PROVIDED DATA:
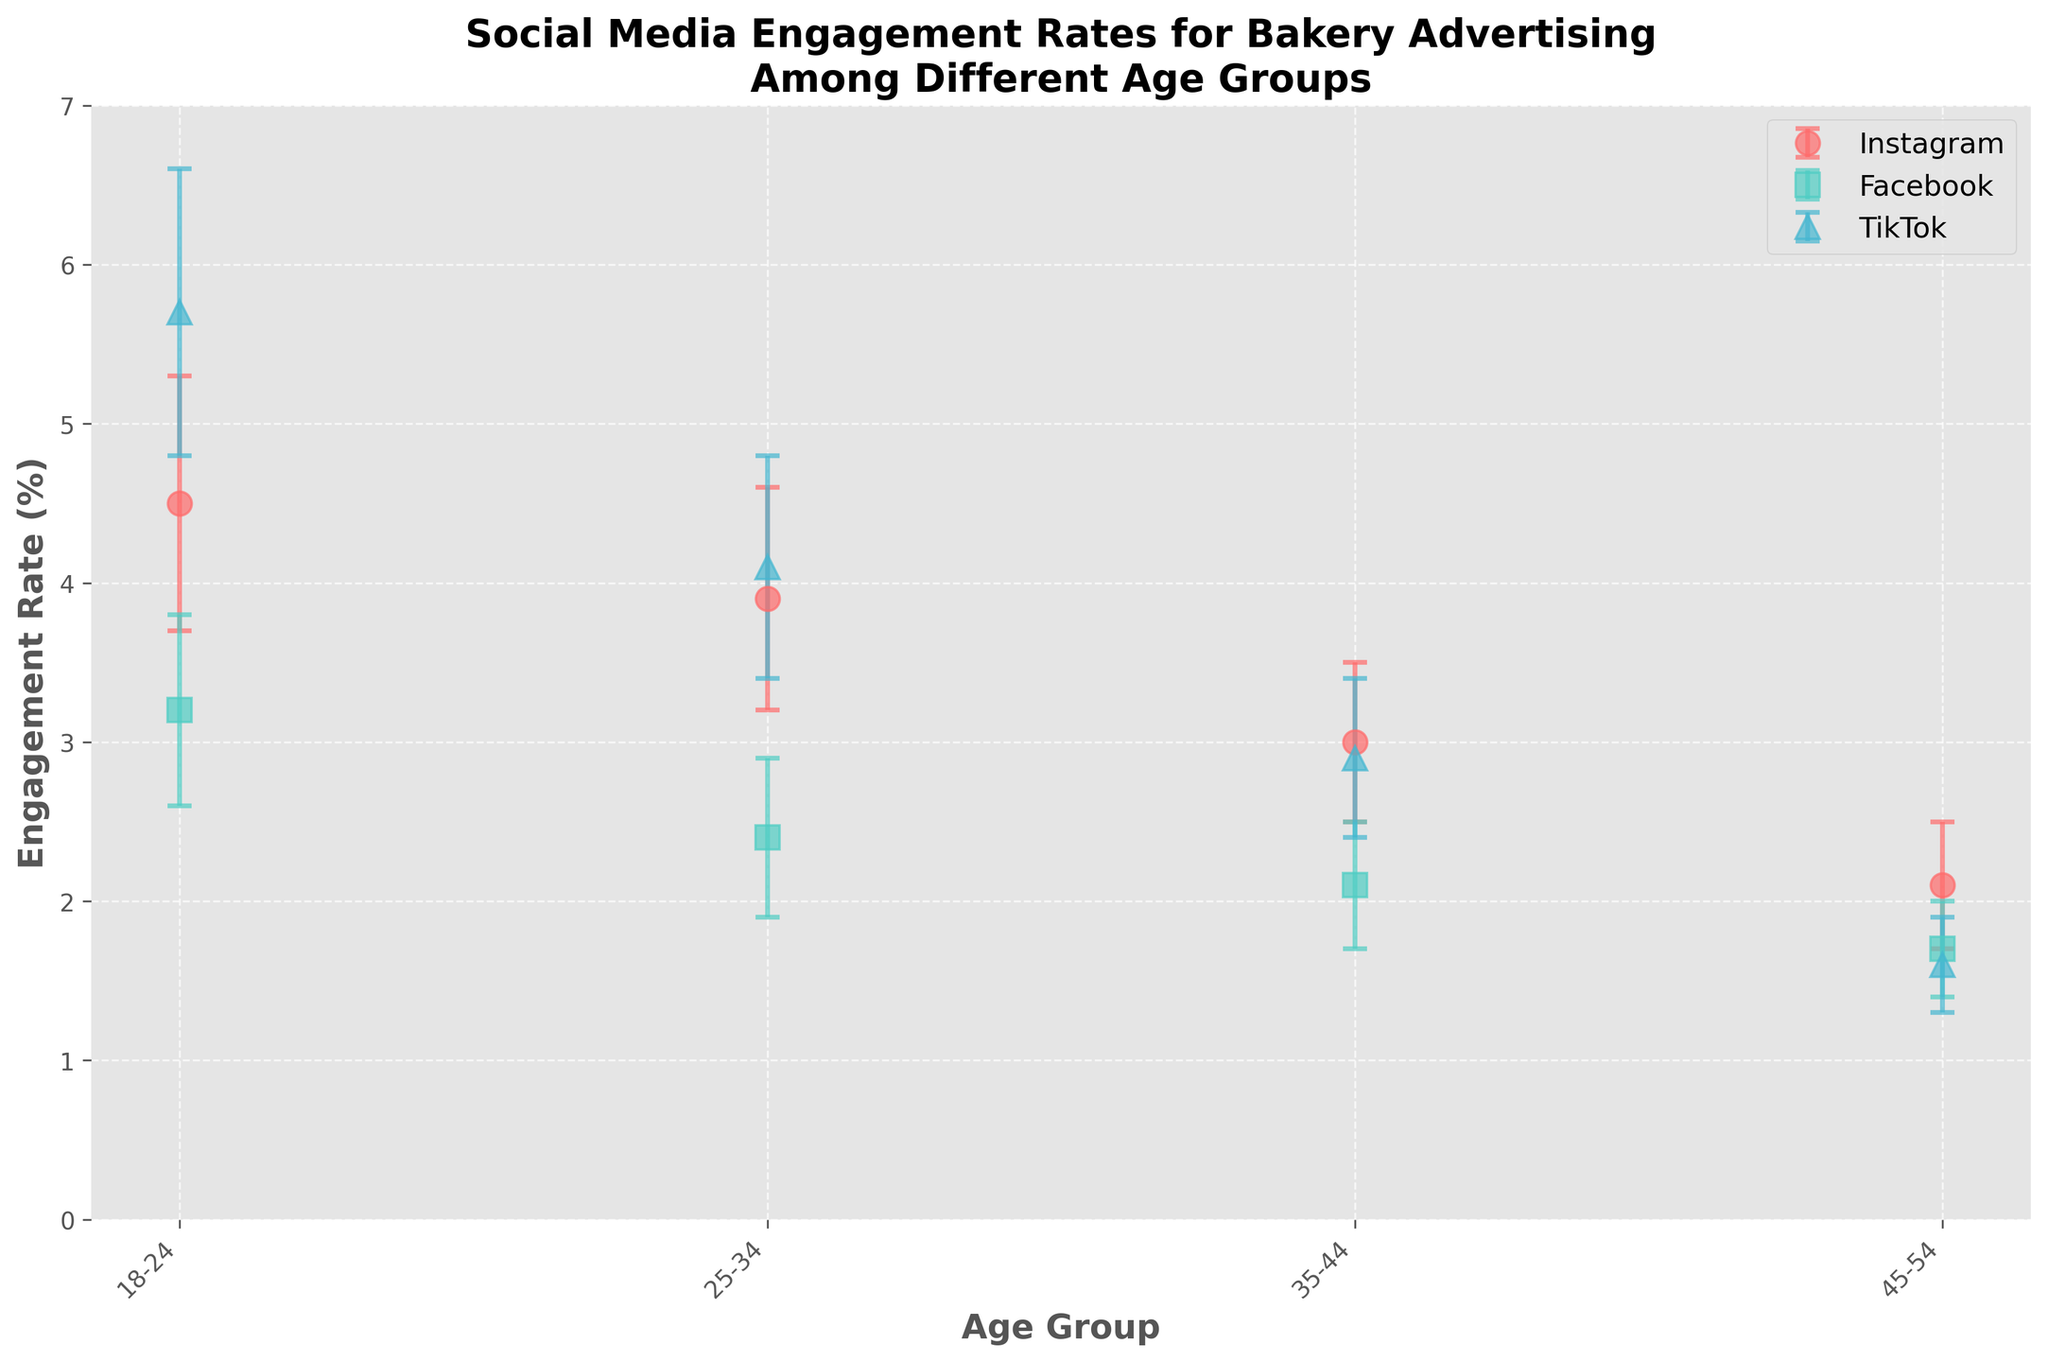What is the title of the figure? The title is displayed at the top of the figure and provides a summary of the visualized data.
Answer: Social Media Engagement Rates for Bakery Advertising Among Different Age Groups Which social media platform has the highest engagement rate for the 18-24 age group? The plot shows the engagement rates for each platform marked by different symbols. By locating the point with the highest value on the y-axis corresponding to the 18-24 age group, we see that TikTok has the highest engagement rate.
Answer: TikTok What is the engagement rate for Instagram in the 35-44 age group? The figure includes points representing engagement rates for different platforms and age groups. The point corresponding to Instagram (identified by a circular marker) in the 35-44 group on the x-axis shows the engagement rate.
Answer: 3.0% Which age group has the lowest engagement rate for TikTok? By examining the points corresponding to TikTok (identified by a triangular marker) across different age groups, the point with the lowest value on the y-axis is found in the 45-54 age group.
Answer: 45-54 Which two age groups have the same engagement rate for Facebook? By observing the points corresponding to Facebook (identified by a square marker) across different age groups, we see that the engagement rates for the 35-44 and 45-54 age groups are equal.
Answer: 35-44 and 45-54 How much higher is the engagement rate for TikTok in the 18-24 age group compared to Facebook in the same group? To determine this, we take the engagement rate for TikTok (5.7%) and subtract the engagement rate for Facebook (3.2%) in the 18-24 age group. The difference is 5.7 - 3.2.
Answer: 2.5% Which social media platform shows the most consistent engagement rates across different age groups based on error bars? The error bars indicate the uncertainty (or consistency) of the engagement rates. A smaller error bar denotes more consistency. By comparing the length of the error bars for all platforms across age groups, Facebook generally shows smaller error bars.
Answer: Facebook What is the overall trend in engagement rates with increasing age for Instagram? Observing the engagement points for Instagram across increasing age groups on the x-axis, the trend generally shows decreasing engagement rates as age increases.
Answer: Decreasing How do the engagement rates for Instagram and TikTok in the 25-34 age group compare? By comparing the points for Instagram and TikTok within the 25-34 age group, we see that TikTok has a higher engagement rate (4.1%) compared to Instagram (3.9%).
Answer: TikTok is higher What is the average engagement rate for TikTok across all age groups? To find the average, we sum all engagement rates for TikTok (5.7 + 4.1 + 2.9 + 1.6) and divide by the number of age groups (4). This gives (5.7 + 4.1 + 2.9 + 1.6) / 4.
Answer: 3.575% 
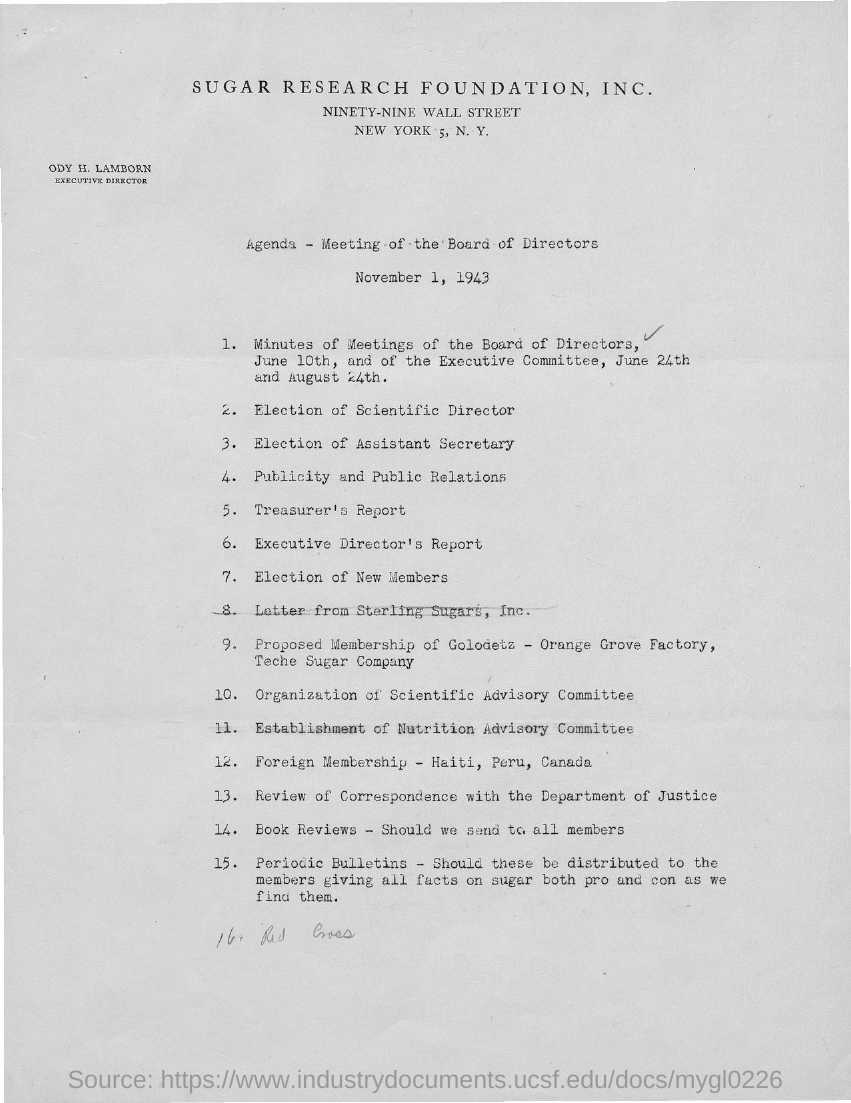Which company is mentioned in the header of the document?
Your answer should be very brief. SUGAR RESEARCH FOUNDATION, INC. What is the designation of ODY H. LAMBORN?
Offer a very short reply. EXECUTIVE DIRECTOR.

WORK INSTRUCTION: Output only the lines that run from the line containing "Which company is" to the last line of the data, exactly as they stand and without pictures.

ANSWER TO THIS PROBLEM:
Which company is mentioned in the header of the document?
Your answer should be very brief. SUGAR RESEARCH FOUNDATION, INC. What is the designation of ODY H. LAMBORN?
Offer a very short reply. EXECUTIVE DIRECTOR.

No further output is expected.